Tak hanya HMI, demi mengurai benang kusut masalah ini, pihak Telkom dan SIP juga diminta untuk wajib hadir pada RDP penjadwalan ulang yang diputuskan jatuh pada 2 Juni 2026 mendatang.
Dua Isu Panas yang Tertunda
Sedianya, RDP kali ini membawa agenda penting berupa koordinasi dan sinkronisasi regulasi di tingkat daerah yang mencakup dua poin utama:
1. Kemudahan, pelindungan, dan pemberdayaan koperasi usaha mikro kecil dan menengah (UMKM).
2. Maraknya penggunaan jaringan internet (wifi) ilegal yang beroperasi tanpa izin resmi dari otoritas.

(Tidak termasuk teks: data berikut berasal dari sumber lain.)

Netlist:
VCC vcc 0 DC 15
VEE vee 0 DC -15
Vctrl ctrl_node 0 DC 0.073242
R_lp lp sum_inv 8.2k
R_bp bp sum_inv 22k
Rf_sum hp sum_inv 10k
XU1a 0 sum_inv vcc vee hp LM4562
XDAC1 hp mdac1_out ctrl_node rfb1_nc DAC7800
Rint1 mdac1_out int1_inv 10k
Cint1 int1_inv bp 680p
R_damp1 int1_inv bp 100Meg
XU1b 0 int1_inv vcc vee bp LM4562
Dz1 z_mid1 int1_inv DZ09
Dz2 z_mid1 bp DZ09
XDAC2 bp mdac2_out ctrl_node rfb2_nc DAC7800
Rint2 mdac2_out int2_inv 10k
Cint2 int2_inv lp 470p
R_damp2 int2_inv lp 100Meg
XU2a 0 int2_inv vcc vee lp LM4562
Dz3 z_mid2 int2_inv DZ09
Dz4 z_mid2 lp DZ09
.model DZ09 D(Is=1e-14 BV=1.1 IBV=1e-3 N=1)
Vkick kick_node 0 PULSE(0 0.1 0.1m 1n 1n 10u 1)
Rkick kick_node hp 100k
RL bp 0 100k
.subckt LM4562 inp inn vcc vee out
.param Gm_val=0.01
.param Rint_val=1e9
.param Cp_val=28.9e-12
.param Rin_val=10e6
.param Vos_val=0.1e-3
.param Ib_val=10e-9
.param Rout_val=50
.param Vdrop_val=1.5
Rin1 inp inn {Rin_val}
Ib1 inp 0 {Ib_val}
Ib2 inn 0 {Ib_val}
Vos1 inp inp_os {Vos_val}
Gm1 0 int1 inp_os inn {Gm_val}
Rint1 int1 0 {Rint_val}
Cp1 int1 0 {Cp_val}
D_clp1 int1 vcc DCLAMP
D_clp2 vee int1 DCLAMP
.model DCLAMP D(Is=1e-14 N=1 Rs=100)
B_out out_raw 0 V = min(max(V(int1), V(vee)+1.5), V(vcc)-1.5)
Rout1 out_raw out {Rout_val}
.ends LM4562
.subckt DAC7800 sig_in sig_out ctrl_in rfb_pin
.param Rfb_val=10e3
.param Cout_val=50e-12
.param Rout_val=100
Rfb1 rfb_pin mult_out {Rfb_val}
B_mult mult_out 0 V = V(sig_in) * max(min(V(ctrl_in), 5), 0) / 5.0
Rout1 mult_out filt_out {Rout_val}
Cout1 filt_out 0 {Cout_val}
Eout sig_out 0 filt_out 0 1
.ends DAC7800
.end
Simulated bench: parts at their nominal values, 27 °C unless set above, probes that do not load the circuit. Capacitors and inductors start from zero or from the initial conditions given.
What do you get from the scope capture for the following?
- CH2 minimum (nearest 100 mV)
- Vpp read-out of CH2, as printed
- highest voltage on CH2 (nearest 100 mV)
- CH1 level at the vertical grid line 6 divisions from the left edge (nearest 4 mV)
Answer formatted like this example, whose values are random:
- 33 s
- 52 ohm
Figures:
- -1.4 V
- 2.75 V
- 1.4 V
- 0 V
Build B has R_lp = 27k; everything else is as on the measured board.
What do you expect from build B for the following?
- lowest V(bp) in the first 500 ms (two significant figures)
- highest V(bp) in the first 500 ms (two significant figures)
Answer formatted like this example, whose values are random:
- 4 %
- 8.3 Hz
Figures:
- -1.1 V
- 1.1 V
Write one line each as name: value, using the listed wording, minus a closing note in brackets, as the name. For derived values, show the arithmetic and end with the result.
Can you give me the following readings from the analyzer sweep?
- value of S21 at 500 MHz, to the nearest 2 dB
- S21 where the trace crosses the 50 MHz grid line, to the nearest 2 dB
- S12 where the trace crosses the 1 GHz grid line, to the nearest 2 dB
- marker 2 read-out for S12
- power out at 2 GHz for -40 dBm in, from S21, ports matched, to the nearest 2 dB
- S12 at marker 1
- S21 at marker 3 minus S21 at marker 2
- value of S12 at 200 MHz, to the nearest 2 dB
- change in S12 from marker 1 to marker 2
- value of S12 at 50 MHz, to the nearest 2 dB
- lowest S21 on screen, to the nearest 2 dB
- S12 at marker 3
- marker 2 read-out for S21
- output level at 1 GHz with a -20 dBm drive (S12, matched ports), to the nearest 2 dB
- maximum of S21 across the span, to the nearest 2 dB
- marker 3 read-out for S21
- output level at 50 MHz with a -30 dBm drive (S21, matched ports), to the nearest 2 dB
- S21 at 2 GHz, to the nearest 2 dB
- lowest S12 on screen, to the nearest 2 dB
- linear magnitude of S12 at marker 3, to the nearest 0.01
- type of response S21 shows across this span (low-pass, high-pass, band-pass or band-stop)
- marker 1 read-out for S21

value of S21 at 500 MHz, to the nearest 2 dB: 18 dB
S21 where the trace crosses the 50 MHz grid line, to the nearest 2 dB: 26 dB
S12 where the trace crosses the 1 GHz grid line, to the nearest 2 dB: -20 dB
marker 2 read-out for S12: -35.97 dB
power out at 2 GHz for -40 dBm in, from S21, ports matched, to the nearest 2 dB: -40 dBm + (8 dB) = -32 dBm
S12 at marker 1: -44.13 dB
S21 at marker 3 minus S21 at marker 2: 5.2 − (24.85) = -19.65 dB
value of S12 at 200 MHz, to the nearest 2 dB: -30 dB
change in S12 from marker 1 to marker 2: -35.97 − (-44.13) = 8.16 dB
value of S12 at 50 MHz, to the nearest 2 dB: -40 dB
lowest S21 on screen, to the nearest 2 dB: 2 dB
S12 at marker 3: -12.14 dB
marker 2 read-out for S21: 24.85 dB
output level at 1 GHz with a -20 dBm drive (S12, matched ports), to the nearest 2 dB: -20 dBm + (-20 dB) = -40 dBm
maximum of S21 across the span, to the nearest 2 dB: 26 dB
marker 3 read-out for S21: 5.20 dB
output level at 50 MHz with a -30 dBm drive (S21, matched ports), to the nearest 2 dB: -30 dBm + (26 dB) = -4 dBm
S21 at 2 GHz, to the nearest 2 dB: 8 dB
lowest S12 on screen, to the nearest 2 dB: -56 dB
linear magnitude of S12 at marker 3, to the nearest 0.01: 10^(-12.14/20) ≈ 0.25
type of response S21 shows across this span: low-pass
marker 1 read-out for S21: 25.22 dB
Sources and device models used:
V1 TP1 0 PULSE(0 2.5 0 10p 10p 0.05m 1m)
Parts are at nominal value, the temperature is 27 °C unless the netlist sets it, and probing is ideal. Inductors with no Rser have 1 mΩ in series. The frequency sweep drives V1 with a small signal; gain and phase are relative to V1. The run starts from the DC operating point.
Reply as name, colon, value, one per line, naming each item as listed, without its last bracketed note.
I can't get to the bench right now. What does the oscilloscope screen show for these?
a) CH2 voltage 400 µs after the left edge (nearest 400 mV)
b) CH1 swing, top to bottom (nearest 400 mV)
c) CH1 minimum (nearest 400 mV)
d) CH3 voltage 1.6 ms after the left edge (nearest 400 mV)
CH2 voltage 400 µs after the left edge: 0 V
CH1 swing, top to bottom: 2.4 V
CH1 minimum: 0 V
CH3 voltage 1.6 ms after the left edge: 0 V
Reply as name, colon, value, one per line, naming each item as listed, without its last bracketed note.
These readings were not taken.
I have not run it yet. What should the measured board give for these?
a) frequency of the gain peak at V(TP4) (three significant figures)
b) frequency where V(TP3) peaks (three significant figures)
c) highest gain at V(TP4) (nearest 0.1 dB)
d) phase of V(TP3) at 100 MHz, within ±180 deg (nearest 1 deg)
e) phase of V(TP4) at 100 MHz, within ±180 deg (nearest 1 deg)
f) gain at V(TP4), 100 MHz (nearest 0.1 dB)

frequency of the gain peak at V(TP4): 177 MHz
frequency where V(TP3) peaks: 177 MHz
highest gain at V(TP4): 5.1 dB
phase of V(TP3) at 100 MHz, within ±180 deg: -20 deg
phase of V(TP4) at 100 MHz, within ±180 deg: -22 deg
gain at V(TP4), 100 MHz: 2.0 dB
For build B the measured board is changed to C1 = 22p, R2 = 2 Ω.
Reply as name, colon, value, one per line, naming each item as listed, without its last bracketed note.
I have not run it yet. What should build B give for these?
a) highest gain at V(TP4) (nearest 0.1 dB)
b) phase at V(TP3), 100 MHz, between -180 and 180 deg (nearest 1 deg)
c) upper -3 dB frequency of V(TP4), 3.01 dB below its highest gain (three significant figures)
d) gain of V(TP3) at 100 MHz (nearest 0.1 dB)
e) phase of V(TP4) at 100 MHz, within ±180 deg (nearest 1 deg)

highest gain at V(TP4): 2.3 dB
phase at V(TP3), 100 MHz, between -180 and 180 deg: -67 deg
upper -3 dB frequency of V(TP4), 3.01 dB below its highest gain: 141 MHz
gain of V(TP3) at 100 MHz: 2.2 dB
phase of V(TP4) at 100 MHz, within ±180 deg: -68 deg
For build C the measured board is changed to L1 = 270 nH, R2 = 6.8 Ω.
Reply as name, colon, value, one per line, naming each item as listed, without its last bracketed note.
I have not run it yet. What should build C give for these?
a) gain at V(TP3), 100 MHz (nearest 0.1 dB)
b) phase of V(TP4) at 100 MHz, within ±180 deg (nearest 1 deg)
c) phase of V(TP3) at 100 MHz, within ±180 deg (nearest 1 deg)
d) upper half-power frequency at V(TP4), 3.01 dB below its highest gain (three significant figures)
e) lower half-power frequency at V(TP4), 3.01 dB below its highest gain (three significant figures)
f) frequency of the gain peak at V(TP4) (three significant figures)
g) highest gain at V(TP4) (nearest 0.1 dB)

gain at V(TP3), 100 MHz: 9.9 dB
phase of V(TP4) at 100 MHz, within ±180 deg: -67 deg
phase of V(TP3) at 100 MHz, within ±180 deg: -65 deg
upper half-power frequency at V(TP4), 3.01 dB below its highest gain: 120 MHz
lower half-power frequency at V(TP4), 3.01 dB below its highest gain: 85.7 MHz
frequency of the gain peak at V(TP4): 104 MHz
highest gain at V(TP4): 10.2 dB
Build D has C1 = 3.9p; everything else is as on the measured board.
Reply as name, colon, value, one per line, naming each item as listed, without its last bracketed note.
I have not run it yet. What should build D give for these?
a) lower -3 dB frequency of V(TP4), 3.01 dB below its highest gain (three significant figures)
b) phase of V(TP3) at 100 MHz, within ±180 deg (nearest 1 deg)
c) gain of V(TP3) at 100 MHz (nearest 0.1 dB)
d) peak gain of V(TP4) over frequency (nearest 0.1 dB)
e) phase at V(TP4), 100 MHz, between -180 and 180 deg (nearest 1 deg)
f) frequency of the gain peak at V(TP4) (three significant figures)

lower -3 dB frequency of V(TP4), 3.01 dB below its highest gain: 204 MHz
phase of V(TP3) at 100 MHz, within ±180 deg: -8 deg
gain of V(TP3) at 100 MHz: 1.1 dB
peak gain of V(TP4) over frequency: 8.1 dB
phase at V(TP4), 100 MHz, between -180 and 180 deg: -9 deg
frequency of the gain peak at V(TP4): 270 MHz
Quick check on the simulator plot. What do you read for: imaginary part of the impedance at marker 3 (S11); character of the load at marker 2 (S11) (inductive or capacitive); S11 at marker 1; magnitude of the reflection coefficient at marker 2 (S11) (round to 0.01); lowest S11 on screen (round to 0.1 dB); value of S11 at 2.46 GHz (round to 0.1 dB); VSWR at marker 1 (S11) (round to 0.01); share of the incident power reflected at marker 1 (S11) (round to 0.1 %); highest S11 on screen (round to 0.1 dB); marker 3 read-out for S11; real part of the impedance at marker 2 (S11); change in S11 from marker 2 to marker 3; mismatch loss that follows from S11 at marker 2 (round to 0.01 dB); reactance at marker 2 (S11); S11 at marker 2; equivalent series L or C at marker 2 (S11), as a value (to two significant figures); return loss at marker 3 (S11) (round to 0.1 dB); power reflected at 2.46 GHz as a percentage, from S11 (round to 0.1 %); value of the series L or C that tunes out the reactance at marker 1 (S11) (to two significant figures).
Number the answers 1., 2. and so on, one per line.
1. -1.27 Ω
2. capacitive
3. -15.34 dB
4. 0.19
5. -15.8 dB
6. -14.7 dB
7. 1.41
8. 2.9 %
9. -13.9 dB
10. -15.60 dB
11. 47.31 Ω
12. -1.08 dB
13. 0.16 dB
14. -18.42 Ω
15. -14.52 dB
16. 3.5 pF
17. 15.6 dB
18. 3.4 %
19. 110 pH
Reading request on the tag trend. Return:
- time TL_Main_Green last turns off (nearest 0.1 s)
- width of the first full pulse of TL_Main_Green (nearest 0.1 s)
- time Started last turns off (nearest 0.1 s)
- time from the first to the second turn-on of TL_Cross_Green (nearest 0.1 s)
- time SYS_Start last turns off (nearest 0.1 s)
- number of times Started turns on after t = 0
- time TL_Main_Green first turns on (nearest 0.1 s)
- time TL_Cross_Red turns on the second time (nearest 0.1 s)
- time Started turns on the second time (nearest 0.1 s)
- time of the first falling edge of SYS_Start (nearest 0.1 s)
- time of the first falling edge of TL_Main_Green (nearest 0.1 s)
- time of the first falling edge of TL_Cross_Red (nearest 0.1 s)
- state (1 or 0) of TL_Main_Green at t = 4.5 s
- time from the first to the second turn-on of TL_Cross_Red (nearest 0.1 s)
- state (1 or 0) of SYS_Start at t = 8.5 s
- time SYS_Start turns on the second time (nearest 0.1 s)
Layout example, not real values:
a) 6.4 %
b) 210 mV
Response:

Dua isu ini dinilai sangat sensitif karena berkaitan langsung dengan kepastian hukum berusaha bagi pelaku koperasi, sekaligus penertiban infrastruktur digital di Gorontalo yang disinyalir bocor secara ilegal.
Meski dari unsur pemerintah tidak lengkap, pihak pemohon tampak hadir dengan kekuatan penuh. Terlihat Ketua Koperasi GASS, Bahrun Usman, beserta jajaran pengurusnya. Mereka didampingi langsung oleh Tim Hukum Koperasi GASS dari Hijrah Lahaling & Partners (HLP) Law Firm, yang diwakili oleh Dr. Kingdon Makkulawuzar, S.Hi., MH.
RDP terpaksa ditunda dan akan menjadi “panggung pembuktian” bagi Dinas Kominfotik serta pihak vendor telekomunikasi pada pekan depan untuk memberikan kejelasan di hadapan para wakil rakyat.*[]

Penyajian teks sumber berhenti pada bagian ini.